### What you need to do
In the listing below, the answer starts at the line that has "plane through (0, 0, 0)" and stops after the line that has "line L5 (55, 29) -> (55, 0)"; please repeat that part exactly and nothing more.
========================================================================
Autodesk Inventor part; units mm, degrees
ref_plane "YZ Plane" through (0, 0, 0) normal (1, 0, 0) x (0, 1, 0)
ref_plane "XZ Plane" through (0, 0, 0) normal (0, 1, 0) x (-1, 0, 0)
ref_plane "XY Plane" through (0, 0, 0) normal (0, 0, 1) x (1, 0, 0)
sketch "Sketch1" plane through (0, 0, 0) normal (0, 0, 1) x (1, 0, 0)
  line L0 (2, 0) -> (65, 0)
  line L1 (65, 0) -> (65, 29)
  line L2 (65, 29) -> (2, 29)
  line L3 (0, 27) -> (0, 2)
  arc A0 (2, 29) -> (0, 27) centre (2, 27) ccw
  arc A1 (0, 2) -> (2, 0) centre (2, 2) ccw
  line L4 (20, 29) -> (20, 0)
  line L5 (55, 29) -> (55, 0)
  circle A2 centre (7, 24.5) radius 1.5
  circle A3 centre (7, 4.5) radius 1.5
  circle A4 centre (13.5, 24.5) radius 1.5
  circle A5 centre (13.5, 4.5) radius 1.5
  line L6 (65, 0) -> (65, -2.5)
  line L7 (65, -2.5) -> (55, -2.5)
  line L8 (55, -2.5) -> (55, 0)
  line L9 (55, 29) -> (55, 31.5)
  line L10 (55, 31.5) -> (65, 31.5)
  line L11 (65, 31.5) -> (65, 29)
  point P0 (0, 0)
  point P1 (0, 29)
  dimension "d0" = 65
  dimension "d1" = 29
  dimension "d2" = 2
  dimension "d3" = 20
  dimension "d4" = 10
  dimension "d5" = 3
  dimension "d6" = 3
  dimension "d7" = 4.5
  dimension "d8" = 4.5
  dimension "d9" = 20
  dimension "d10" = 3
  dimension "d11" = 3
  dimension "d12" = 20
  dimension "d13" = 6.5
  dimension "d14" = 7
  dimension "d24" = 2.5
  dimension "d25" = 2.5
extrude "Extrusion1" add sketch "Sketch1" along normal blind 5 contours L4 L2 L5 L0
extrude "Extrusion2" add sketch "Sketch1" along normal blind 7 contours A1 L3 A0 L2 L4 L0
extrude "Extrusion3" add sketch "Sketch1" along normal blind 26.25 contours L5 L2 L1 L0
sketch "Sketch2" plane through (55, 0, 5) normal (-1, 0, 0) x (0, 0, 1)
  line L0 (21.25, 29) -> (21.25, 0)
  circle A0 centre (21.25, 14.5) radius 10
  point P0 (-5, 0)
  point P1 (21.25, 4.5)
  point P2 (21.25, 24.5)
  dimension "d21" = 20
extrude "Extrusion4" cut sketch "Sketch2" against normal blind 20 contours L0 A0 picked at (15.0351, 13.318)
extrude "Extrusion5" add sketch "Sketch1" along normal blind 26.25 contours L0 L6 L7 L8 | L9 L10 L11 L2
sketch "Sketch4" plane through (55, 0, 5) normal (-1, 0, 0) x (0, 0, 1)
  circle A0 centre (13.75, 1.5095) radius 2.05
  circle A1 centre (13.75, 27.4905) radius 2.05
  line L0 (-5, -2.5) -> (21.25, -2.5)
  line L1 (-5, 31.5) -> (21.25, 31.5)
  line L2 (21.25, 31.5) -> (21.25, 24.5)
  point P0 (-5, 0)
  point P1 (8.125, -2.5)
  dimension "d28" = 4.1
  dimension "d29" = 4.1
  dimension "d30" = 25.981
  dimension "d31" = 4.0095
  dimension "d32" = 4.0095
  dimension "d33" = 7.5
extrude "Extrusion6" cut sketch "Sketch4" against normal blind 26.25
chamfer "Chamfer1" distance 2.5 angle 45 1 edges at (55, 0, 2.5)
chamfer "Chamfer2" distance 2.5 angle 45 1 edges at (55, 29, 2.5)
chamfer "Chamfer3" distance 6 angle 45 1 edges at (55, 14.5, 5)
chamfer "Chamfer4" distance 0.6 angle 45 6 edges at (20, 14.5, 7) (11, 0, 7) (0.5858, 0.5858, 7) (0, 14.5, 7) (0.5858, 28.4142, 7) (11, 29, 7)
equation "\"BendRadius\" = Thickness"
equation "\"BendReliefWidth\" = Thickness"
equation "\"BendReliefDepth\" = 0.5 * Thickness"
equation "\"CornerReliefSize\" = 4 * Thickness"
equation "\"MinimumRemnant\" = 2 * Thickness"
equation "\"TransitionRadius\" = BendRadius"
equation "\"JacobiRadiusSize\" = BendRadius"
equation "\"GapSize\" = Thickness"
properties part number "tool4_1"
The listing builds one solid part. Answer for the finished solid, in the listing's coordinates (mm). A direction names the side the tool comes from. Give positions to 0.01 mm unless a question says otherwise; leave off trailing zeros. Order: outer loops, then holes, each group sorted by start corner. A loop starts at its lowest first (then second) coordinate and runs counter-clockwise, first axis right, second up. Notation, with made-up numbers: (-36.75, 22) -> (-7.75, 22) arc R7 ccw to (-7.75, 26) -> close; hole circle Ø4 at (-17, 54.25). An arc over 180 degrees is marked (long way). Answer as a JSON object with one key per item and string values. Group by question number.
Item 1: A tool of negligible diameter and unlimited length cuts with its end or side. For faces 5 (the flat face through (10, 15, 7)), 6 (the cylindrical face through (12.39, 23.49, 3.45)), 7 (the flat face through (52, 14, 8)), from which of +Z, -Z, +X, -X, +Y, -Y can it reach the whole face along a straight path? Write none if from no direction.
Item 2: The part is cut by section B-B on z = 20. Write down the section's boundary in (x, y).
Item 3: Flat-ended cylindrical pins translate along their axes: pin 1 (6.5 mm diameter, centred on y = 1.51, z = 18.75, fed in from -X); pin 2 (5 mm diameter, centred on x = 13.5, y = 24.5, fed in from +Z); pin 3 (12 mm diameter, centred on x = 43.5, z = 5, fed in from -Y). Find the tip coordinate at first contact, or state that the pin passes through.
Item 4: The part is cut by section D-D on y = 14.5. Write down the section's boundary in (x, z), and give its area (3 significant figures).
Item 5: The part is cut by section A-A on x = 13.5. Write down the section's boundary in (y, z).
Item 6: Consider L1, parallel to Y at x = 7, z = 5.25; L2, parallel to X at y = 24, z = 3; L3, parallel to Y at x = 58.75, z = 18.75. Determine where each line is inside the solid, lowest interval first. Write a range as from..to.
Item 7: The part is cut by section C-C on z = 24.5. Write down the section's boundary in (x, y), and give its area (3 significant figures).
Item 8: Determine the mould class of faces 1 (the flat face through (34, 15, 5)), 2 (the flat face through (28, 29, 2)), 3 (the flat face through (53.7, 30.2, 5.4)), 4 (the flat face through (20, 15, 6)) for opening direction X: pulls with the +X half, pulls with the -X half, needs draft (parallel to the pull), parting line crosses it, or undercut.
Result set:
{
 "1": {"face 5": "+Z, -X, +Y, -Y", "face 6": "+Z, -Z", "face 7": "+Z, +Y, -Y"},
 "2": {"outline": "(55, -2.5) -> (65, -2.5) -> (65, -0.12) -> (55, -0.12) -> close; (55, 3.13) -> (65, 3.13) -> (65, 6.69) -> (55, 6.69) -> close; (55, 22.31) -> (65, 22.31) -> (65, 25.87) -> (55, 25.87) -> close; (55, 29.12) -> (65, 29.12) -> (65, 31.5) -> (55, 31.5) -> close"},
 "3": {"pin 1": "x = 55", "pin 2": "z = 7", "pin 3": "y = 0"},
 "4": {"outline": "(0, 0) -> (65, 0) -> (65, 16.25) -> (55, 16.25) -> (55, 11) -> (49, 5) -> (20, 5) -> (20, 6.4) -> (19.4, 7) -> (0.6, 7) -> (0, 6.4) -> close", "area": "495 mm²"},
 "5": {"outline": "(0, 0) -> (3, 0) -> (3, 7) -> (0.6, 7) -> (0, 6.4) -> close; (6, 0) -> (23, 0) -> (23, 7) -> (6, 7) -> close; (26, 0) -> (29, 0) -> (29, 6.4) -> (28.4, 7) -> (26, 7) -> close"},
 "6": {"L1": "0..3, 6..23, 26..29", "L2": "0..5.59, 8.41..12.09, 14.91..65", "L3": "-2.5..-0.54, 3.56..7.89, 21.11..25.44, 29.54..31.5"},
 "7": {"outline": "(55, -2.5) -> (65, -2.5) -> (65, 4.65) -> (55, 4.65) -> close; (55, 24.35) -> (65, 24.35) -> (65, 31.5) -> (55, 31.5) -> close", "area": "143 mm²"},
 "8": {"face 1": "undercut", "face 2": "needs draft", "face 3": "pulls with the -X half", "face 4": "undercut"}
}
========================================================================
### The completed task
sketch "Sketch1" plane through (0, 0, 0) normal (0, 0, 1) x (1, 0, 0)
  line L0 (2, 0) -> (65, 0)
  line L1 (65, 0) -> (65, 29)
  line L2 (65, 29) -> (2, 29)
  line L3 (0, 27) -> (0, 2)
  arc A0 (2, 29) -> (0, 27) centre (2, 27) ccw
  arc A1 (0, 2) -> (2, 0) centre (2, 2) ccw
  line L4 (20, 29) -> (20, 0)
  line L5 (55, 29) -> (55, 0)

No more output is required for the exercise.